Die beschriebene Einrichtung zur Abfrage von
Bedienelementen S kann selbstverständlich überall dort
eingesetzt werden, wo analoge Spannungen, welche eine
unmittelbare Interruptsteuerung nicht ermöglichen, zur
Informationsübertragung genutzt werden.
Claims (4)
1. Einrichtung zur Abfrage von Bedienelementen (S),
welche zu Bedienelementegruppen zusammengefaßt sind,
wobei durch Betätigung eines Bedienelements (S) an
einem Widerstandsnetzwerk (R) jeweils ein für das
betätigte Bedienelement (S) einer
Bedienelementegruppe charakteristisches Signal in Form eines
Spannungsabfalls hervorgerufen wird, welcher durch
einen Analog-Digital-Umsetzer (AD) quantifiziert und
durch eine Steuereinheit (ST) ausgewertet wird,
dadurch gekennzeichnet, daß das durch
die Bedienelemente (S) jeder Bedienelementegruppe
hervorgerufene Signal an einen Signalformer (CP1, CP2) angelegt wird,
daß die Signale der Bedienelementegruppen dem
Analog-Digital-Umsetzers (AD) über jeweils einen
Widerstand (Rx), eine Diode oder einen
Spannungsteiler zugeleitet werden und daß die
Ausgangssignale der Signalformer (CP1, CP2) jeweils
einem Eingang (11, 12) der Steuereinheit (ST)
zugeleitet werden.
2. Einrichtung nach Anspruch 1,
dadurch gekennzeichnet, daß
Widerstandsnetzwerke (R) und Bedienelemente (S) in
einem Bedienteil und Steuereinheit (ST),
Analog-Digital-Umsetzer (AD) und Signalformer (CP)

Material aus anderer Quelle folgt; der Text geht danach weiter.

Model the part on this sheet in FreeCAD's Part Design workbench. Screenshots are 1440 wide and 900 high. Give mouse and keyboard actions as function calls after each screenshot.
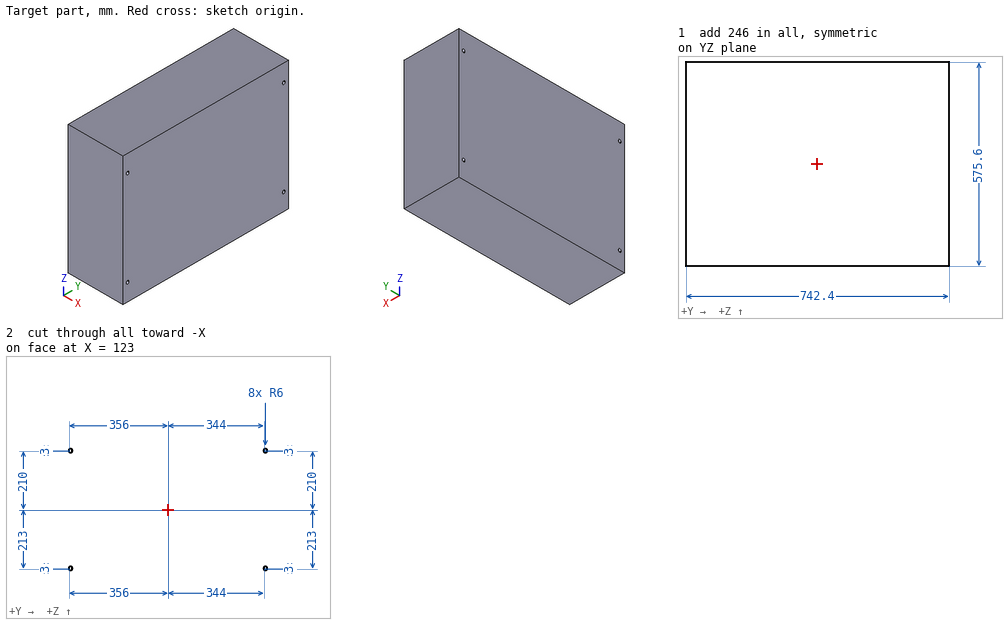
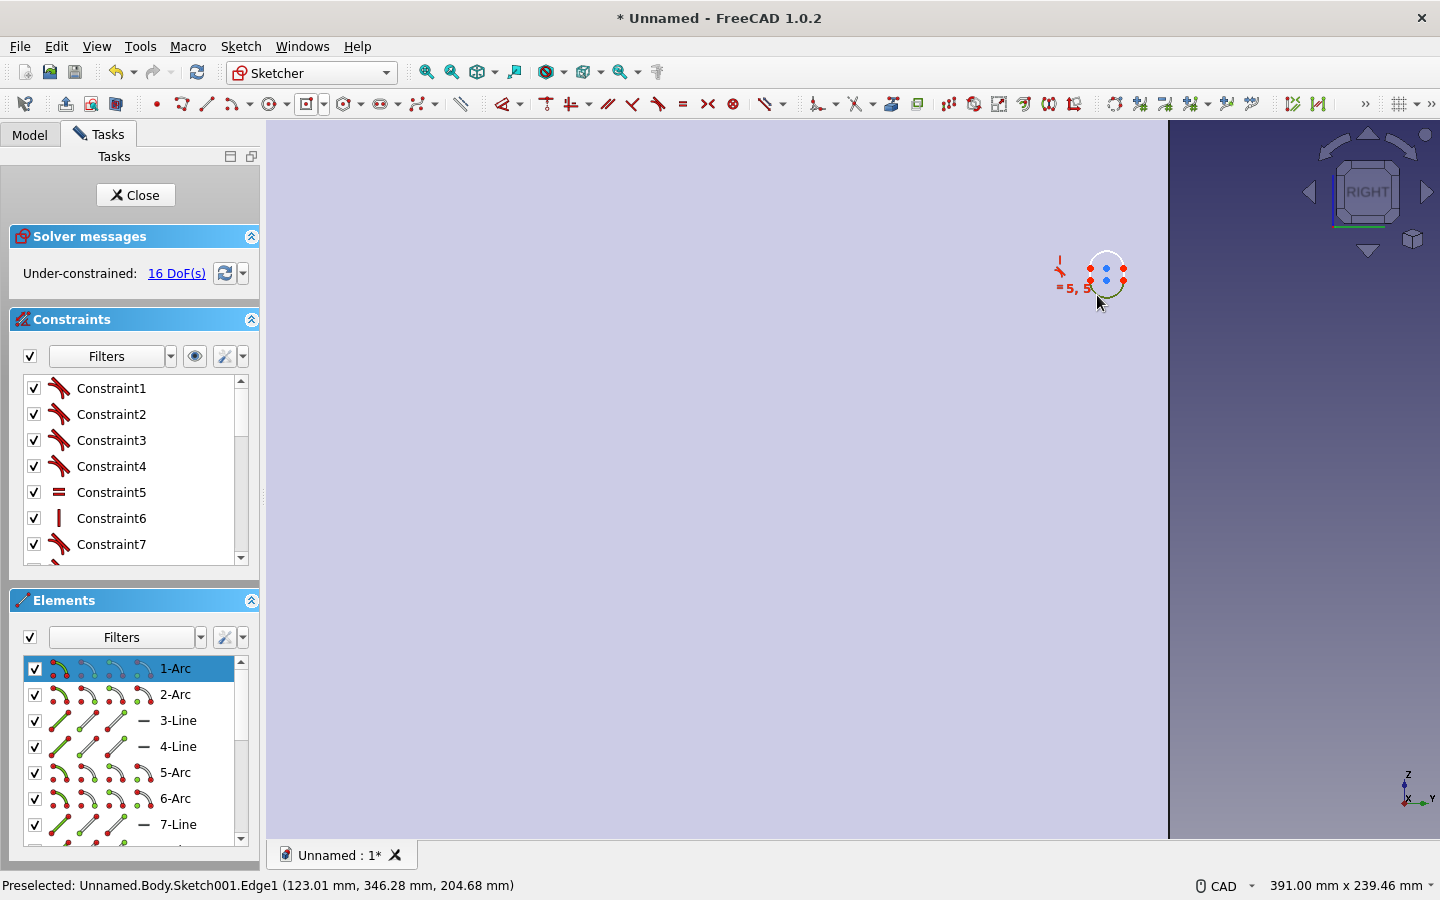
scroll(1099, 295, down, 6)

in einem Hauptteil des elektrischen Geräts
angeordnet sind, wodurch eine minimale Anzahl von
Verbindungsleitungen zwischen Bedien- und Hauptteil
erforderlich ist.
3. Einrichtung Anspruch 1 oder 2,
dadurch gekennzeichnet, daß
als Steuereinheit (ST) ein Mikroprozessor mit
mindestens einem Interrupt-Eingang (I) und
mindestens einem integrierten
Analog-Digital-Umsetzer (AD) vorgesehen ist.
4. Einrichtung nach einem der Ansprüche 1 bis 3,
dadurch gekennzeichnet, daß
als Signalformer (CP) Komparatoren, Transistoren
oder Schmitt-Trigger eingesetzt werden.